Aggregation and Grouping
After getting the dataset, our analyst may have to answer a few questions. For example, we know the value of the radionuclide concentration per city, but an analyst may be asked to answer: which state, on average, has the highest radionuclide concentration?
To answer the questions posed, we need to group the data somehow and calculate an aggregation on it. But before we go into grouping data, we have to prepare the dataset so that we can manipulate it in an efficient manner. Getting the right types in a pandas DataFrame can be a huge boost for performance and can be leveraged to enforce data consistency— it makes sure that numeric data really is numeric and allows us to execute operations that we want to use to get the answers.
GroupBy allows us to get a more general view of a feature, arranging data given a GroupBy key and an aggregation operation. In pandas, this operation is done with the GroupBy method, over a selected column, such as State. Note the aggregation operation after the GroupBy method. Some examples of the operations that can be applied are as follows:
mean
median
std (standard deviation)
mad (mean absolute deviation)
sum
count
abs
Note
Several statistics, such as mean and standard deviation, only make sense with numeric data.

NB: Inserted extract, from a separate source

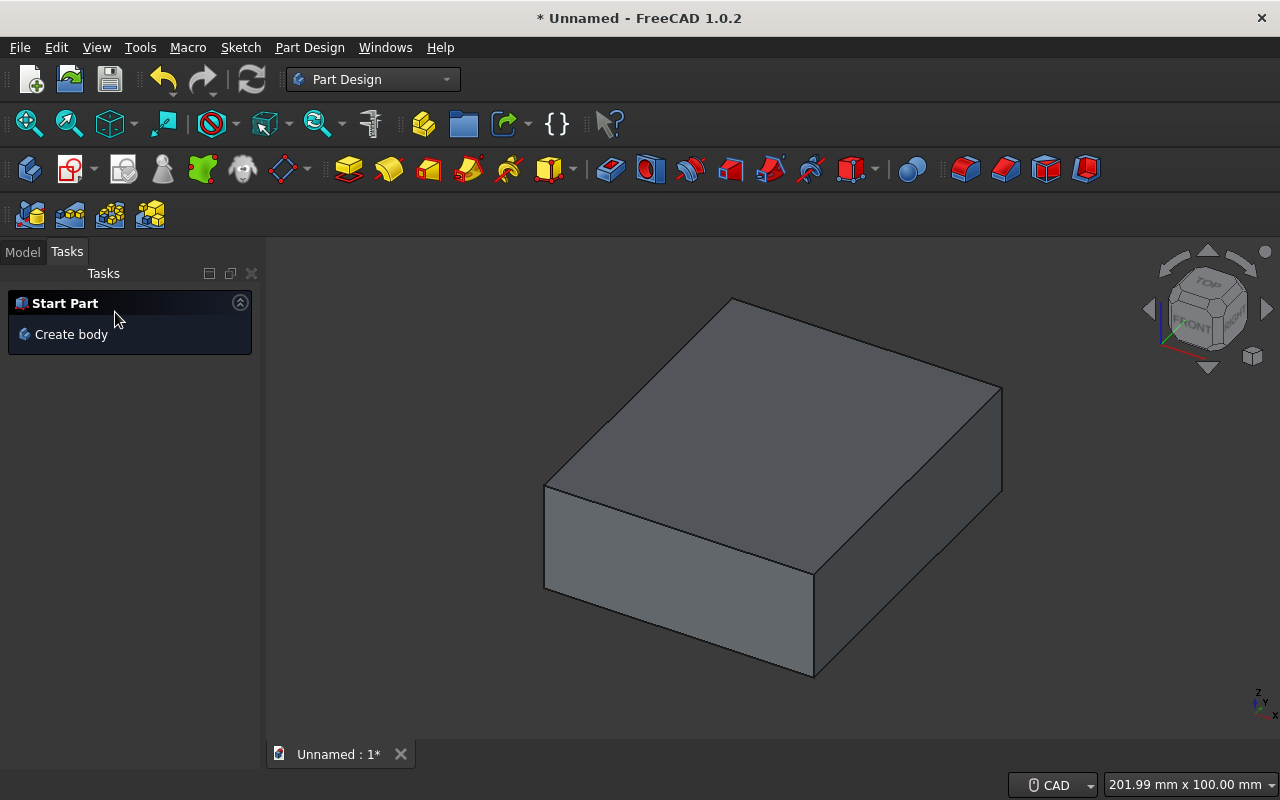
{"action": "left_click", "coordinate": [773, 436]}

After applying GroupBy, a specific column can be selected and the aggregation operation can be applied to it, or all the remaining columns can be aggregated by the same function. Like SQL, GroupBy can be applied to more than one column at a time, and more than one aggregation operation can be applied to selected columns, one operation per column.
The GroupBy command in Pandas has some options, such as as_index, which can override the standard of transforming grouping key's columns to indexes and leaving them as normal columns. This is helpful when a new index will be created after the GroupBy operation, for example.
Aggregation operations can be done over several columns and different statistical methods at the same time with the agg method, passing a dictionary with the name of the column as the key and a list of statistical operations as values.
Exercise 6: Aggregation and Grouping Data
Remember that we have to answer the question of which state has, on average, the highest radionuclide concentration. As there are several cities per state, we have to combine the values of all cities in one state and calculate the average. This is one of the applications of GroupBy: calculating the average values of one variable as per a grouping. We can answer the question using GroupBy:
Import the required libraries:
import numpy as np import pandas as pd import matplotlib.pyplot as plt import seaborn as sns
Load the datasets from the https://opendata.socrata.com/:
df = pd.read_csv('RadNet_Laboratory_Analysis.csv')
Group the DataFrame using the State column.
df.groupby('State')
Select the radionuclide Cs-134 and calculate the average value per group:
df.groupby('State')['Cs-134'].head()
Do the same for all columns, grouping per state and applying directly the mean function:
df.groupby('State').mean().head()
Now, group by more than one column, using a list of grouping columns.
Aggregate using several aggregation operations per column with the agg method. Use the State and Location columns:
df.groupby(['State', 'Location']).agg({'Cs-134':['mean', 'std'], 'Te-129':['min', 'max']})
NumPy on Pandas
NumPy functions can be applied to DataFrames directly or through the apply and applymap methods. Other NumPy functions, such as np.where, also work with DataFrames.